## RECORDS SHOWN
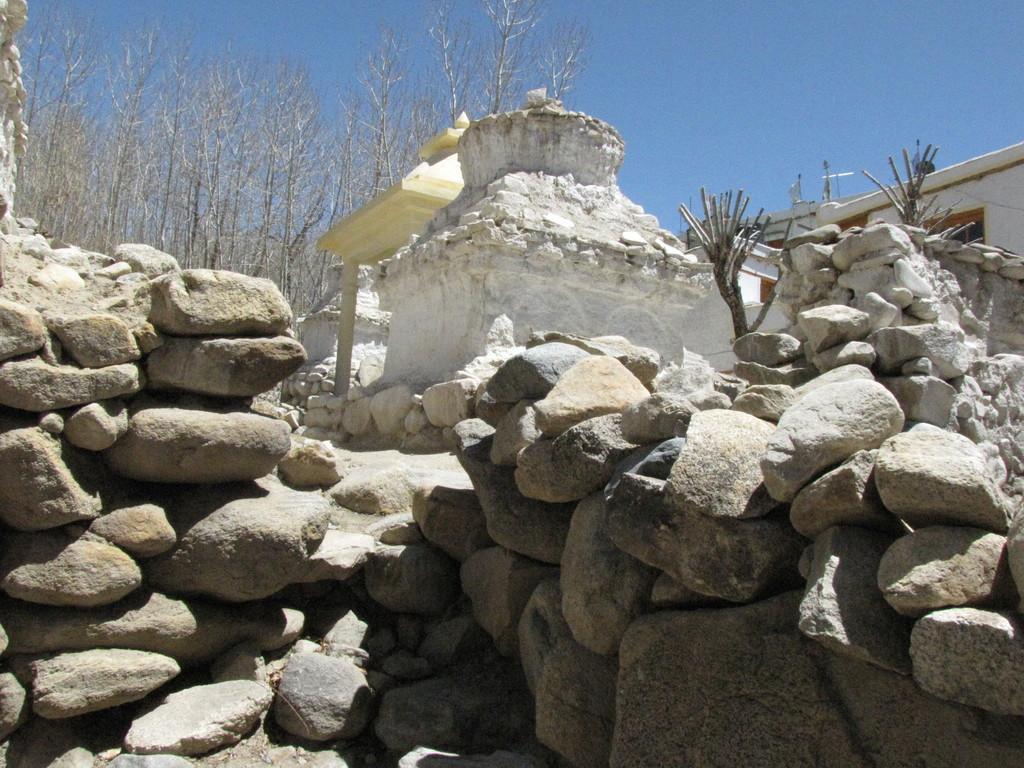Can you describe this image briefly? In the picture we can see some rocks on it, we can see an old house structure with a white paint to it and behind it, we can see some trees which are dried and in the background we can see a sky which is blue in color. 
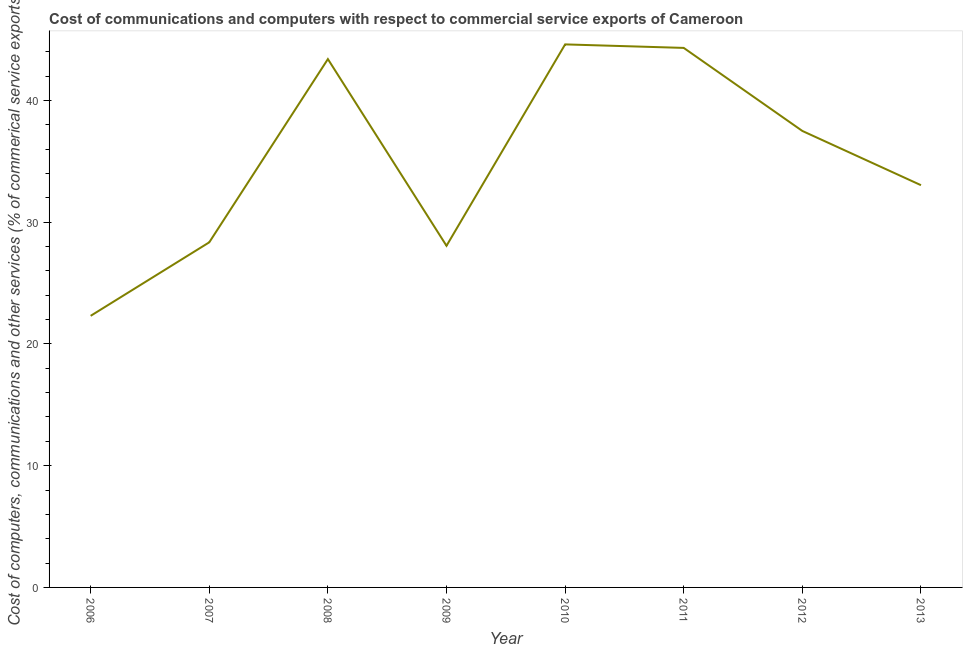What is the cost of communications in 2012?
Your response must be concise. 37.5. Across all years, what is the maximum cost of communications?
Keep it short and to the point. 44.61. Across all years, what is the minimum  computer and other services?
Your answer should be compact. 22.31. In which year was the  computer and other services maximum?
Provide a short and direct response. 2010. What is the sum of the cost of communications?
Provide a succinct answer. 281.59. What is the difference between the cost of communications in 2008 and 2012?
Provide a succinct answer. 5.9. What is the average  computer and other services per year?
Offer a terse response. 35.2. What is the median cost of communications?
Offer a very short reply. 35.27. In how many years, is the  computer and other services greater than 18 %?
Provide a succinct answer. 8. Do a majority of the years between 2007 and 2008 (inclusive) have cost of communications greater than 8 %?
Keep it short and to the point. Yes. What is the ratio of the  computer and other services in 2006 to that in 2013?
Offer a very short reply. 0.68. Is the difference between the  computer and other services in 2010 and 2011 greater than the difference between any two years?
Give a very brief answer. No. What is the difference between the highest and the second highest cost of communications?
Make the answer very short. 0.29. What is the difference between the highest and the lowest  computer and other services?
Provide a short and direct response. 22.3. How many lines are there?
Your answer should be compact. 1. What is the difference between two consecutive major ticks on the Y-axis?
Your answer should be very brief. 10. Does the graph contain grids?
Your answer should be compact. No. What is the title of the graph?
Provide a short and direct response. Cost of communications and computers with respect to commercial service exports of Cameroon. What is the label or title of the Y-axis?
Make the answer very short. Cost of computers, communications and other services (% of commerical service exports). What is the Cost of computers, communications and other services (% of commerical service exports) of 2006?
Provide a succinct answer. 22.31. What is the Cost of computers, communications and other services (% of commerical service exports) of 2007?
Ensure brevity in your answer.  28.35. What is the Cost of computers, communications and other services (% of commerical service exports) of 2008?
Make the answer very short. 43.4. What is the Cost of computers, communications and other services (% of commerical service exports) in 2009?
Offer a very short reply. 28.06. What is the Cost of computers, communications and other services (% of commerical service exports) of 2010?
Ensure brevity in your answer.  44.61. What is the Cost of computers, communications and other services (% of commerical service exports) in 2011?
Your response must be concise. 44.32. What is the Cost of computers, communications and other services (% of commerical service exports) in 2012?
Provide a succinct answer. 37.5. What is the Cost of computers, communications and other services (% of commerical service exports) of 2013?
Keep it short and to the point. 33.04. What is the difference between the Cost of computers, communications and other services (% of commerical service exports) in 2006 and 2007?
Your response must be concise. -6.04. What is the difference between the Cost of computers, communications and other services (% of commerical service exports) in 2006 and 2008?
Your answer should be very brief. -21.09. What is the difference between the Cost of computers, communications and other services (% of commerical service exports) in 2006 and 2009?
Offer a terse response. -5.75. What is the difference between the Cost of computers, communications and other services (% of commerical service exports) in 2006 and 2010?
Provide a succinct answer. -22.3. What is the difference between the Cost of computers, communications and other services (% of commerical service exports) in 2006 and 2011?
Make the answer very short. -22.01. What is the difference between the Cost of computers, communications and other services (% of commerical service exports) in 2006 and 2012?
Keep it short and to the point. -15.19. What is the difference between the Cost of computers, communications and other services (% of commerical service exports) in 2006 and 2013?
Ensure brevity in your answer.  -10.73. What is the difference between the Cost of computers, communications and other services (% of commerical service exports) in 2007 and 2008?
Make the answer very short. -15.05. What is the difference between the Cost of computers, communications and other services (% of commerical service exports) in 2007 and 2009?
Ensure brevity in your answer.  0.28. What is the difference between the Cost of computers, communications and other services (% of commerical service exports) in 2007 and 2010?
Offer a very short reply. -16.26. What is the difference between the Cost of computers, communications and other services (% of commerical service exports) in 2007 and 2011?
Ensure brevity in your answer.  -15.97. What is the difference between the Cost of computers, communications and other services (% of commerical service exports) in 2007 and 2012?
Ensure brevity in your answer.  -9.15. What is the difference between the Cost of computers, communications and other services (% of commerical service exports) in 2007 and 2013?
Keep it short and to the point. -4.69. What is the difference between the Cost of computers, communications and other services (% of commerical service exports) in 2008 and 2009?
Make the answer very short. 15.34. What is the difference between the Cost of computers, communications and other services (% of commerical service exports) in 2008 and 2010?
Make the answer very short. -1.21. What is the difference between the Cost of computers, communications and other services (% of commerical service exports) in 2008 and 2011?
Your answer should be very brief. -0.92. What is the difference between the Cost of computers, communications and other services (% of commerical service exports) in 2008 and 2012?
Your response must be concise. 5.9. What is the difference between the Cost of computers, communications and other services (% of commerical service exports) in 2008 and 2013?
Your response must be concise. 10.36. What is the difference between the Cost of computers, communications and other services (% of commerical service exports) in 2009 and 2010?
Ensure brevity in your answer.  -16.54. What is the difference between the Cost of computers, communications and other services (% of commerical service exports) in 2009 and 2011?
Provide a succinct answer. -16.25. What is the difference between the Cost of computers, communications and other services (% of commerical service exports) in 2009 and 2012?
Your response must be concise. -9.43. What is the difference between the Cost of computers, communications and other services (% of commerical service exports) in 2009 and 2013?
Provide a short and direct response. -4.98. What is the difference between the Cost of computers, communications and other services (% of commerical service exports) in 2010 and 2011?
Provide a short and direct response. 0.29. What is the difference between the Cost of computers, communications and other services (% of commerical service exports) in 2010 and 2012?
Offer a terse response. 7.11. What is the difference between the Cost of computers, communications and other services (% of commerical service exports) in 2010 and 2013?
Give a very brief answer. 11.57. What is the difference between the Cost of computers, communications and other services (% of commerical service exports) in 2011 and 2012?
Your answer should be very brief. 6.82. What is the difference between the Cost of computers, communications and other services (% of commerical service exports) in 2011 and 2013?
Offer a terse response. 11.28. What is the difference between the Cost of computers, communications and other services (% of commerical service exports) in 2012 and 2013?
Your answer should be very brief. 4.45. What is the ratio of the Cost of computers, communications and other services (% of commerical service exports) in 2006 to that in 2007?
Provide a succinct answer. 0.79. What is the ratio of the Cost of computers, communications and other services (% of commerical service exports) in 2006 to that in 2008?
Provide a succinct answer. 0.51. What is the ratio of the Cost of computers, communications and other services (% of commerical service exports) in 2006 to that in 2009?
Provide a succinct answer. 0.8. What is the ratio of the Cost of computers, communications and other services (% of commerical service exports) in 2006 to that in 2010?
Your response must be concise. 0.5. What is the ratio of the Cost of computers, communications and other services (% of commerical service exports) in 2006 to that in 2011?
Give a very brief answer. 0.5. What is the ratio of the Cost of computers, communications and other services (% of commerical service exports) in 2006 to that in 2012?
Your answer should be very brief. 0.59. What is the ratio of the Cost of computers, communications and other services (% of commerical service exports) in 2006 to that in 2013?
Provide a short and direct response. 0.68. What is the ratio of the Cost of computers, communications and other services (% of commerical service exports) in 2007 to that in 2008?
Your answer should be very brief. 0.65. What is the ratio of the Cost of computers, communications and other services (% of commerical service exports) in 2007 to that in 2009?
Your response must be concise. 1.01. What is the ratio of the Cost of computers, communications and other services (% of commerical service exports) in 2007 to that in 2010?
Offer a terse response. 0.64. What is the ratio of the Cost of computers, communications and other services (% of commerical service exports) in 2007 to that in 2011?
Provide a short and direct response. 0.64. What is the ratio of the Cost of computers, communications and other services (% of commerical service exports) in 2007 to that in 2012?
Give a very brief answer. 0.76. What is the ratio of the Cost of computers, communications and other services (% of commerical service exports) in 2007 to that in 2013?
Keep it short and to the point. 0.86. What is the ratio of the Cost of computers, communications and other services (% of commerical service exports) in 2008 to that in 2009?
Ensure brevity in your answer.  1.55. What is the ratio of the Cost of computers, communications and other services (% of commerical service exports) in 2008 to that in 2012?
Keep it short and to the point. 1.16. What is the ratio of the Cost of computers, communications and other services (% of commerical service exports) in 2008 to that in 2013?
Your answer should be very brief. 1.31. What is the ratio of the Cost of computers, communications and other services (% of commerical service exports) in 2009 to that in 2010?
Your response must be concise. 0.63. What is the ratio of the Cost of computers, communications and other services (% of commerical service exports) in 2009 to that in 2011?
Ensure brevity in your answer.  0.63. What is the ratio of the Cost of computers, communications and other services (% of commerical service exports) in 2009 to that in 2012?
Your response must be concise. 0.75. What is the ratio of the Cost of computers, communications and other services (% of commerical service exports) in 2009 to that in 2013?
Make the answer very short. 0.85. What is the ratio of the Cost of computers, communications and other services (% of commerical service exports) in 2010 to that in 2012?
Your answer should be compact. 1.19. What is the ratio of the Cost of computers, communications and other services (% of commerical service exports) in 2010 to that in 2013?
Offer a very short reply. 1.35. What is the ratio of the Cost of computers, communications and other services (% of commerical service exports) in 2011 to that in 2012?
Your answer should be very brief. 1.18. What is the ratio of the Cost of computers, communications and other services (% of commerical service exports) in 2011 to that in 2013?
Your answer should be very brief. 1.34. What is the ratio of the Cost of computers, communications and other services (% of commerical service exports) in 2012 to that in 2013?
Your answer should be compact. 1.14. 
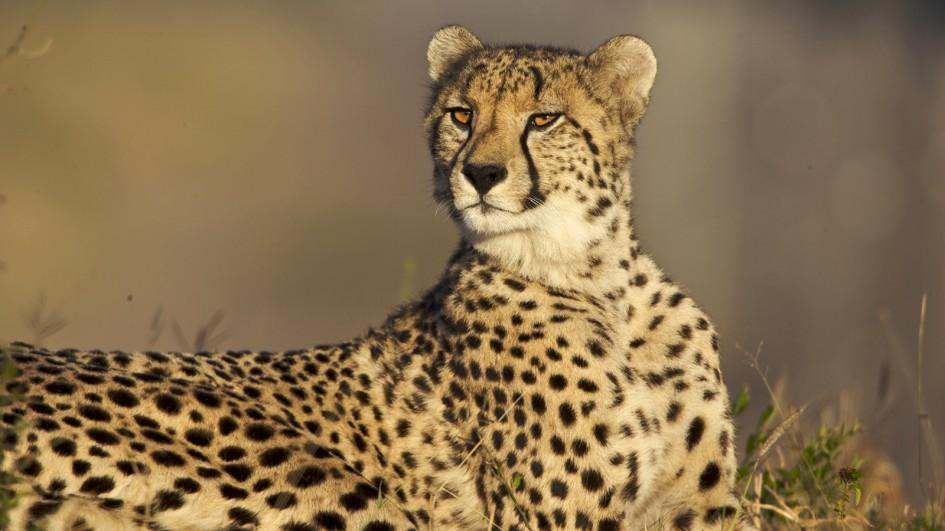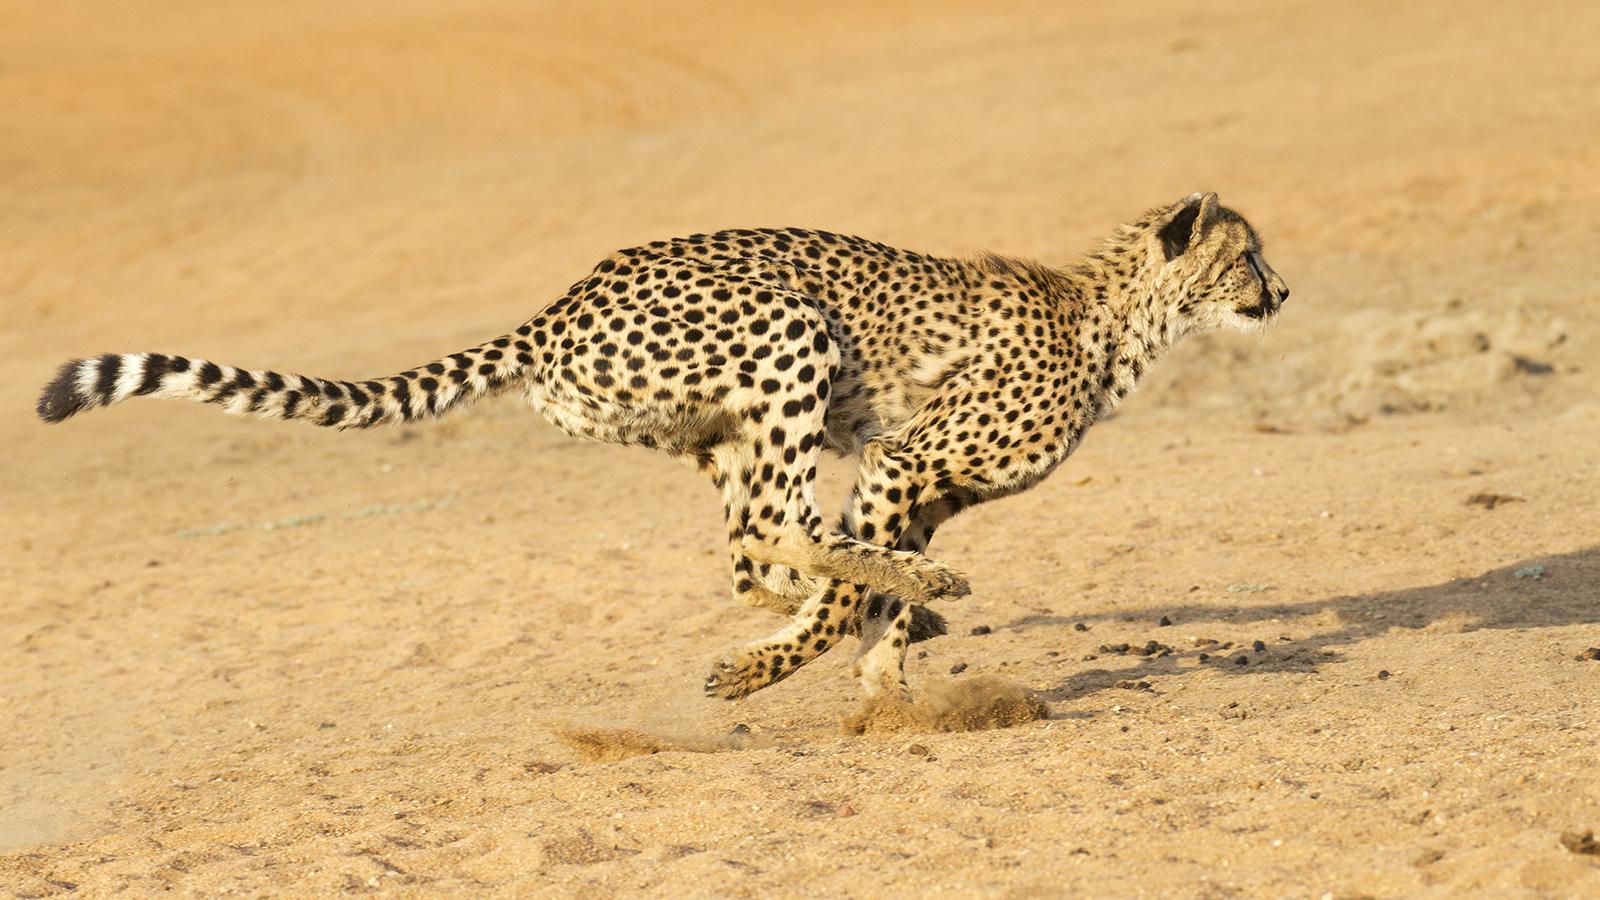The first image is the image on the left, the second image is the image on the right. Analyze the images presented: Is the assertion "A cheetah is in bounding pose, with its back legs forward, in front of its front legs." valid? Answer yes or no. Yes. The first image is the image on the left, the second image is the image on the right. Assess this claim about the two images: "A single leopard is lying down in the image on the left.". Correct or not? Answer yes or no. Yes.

## WHAT TO DO
Beginning with the line above that contains "Your response must be concise. 5.9.", copy each line exactly up to and including the line that contains "Give a very brief answer. 11.57.", and go no further.

## FINISHED EXERCISE
Your response must be concise. 5.9. What is the difference between the Cost of computers, communications and other services (% of commerical service exports) in 2008 and 2013?
Your response must be concise. 10.36. What is the difference between the Cost of computers, communications and other services (% of commerical service exports) in 2009 and 2010?
Ensure brevity in your answer.  -16.54. What is the difference between the Cost of computers, communications and other services (% of commerical service exports) in 2009 and 2011?
Provide a succinct answer. -16.25. What is the difference between the Cost of computers, communications and other services (% of commerical service exports) in 2009 and 2012?
Your response must be concise. -9.43. What is the difference between the Cost of computers, communications and other services (% of commerical service exports) in 2009 and 2013?
Provide a short and direct response. -4.98. What is the difference between the Cost of computers, communications and other services (% of commerical service exports) in 2010 and 2011?
Provide a short and direct response. 0.29. What is the difference between the Cost of computers, communications and other services (% of commerical service exports) in 2010 and 2012?
Offer a terse response. 7.11. What is the difference between the Cost of computers, communications and other services (% of commerical service exports) in 2010 and 2013?
Give a very brief answer. 11.57. What is the difference between the Cost of computers, communications and other services (% of commerical service exports) in 2011 and 2012?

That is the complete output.